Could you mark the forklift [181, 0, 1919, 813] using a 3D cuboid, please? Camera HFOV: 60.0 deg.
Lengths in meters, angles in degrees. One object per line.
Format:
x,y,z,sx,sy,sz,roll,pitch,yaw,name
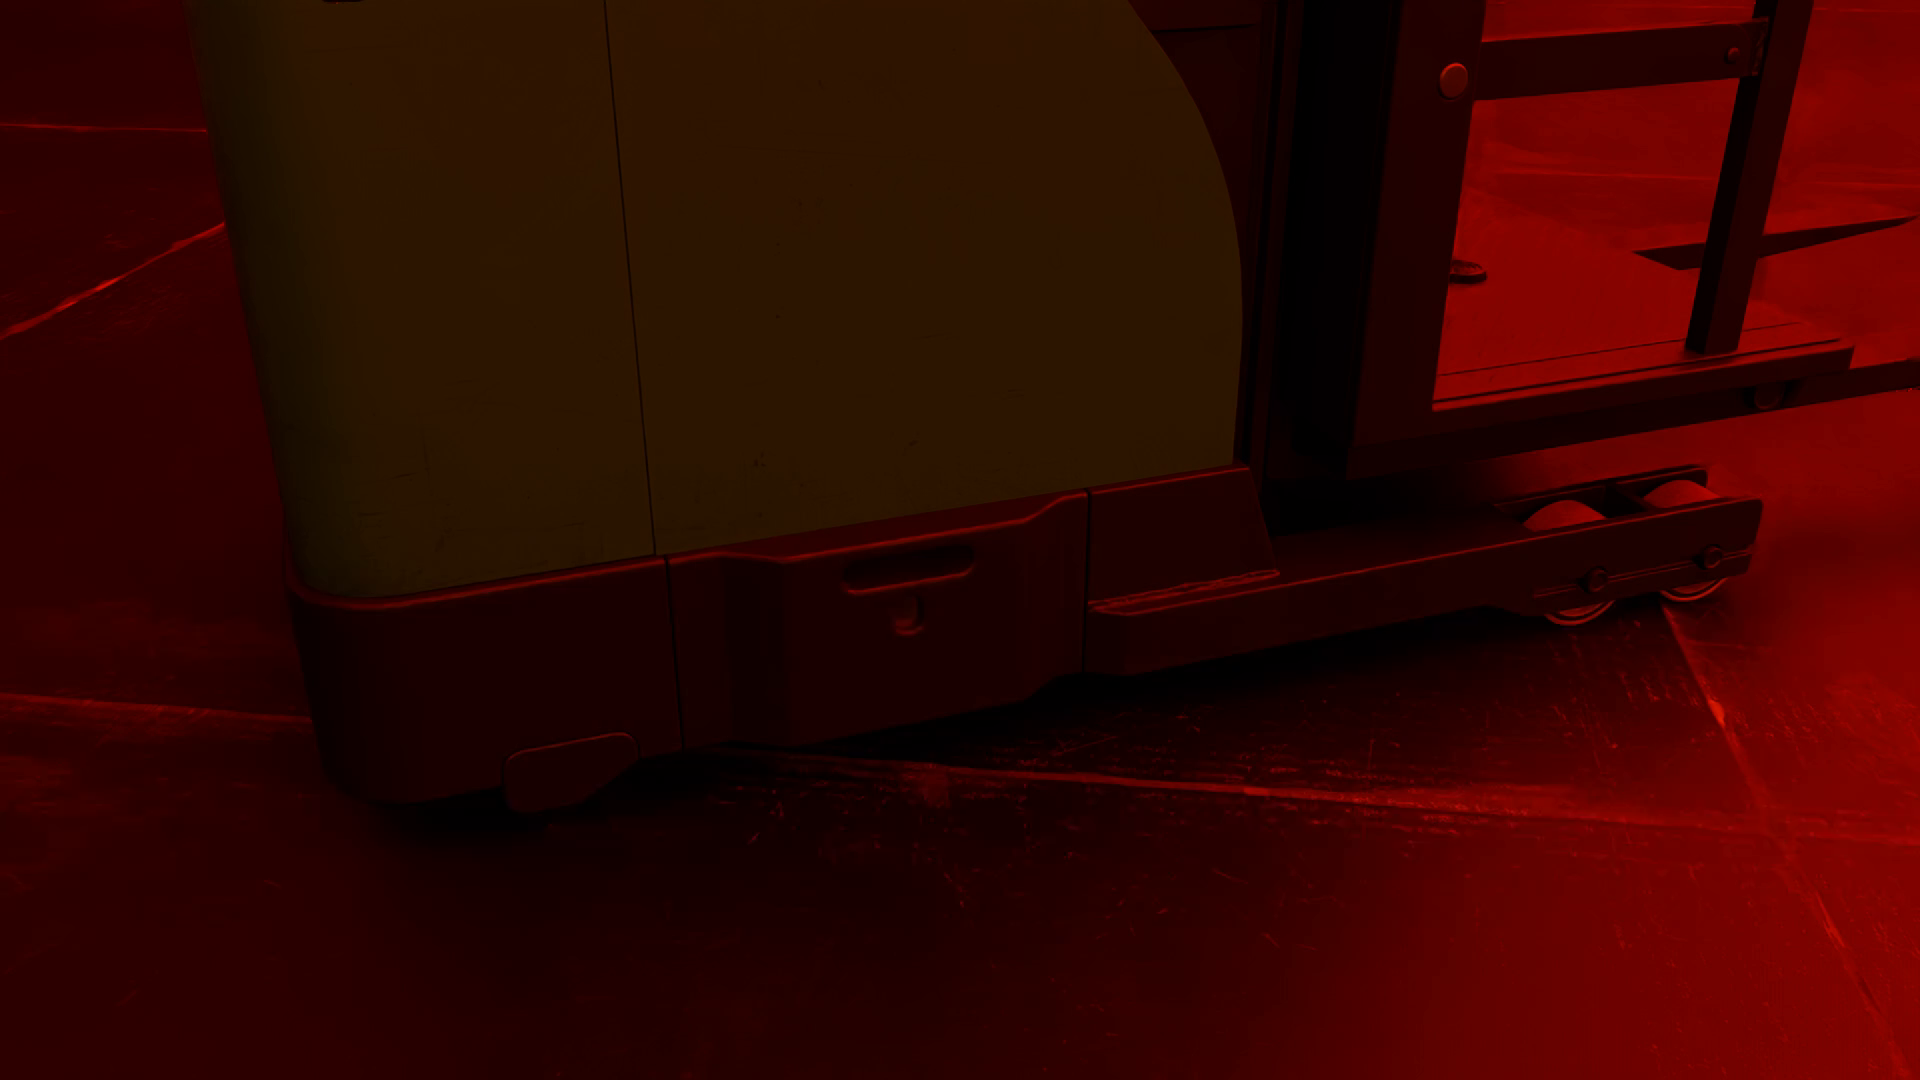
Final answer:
0.572,-1.406,2.035,3.031,2.935,1.130,-9,28,-18,forklift

####

• YOUR OBJECTIVE:
Pictures stay out; everything else in the listing above is to be repeated exactly.

• EXPECTED OUTPUT:
Could you mark the forklift [181, 0, 1919, 813] using a 3D cuboid, please? Camera HFOV: 60.0 deg.
Lengths in meters, angles in degrees. One object per line.
Format:
x,y,z,sx,sy,sz,roll,pitch,yaw,name
Final answer:
0.572,-1.406,2.035,3.031,2.935,1.130,-9,28,-18,forklift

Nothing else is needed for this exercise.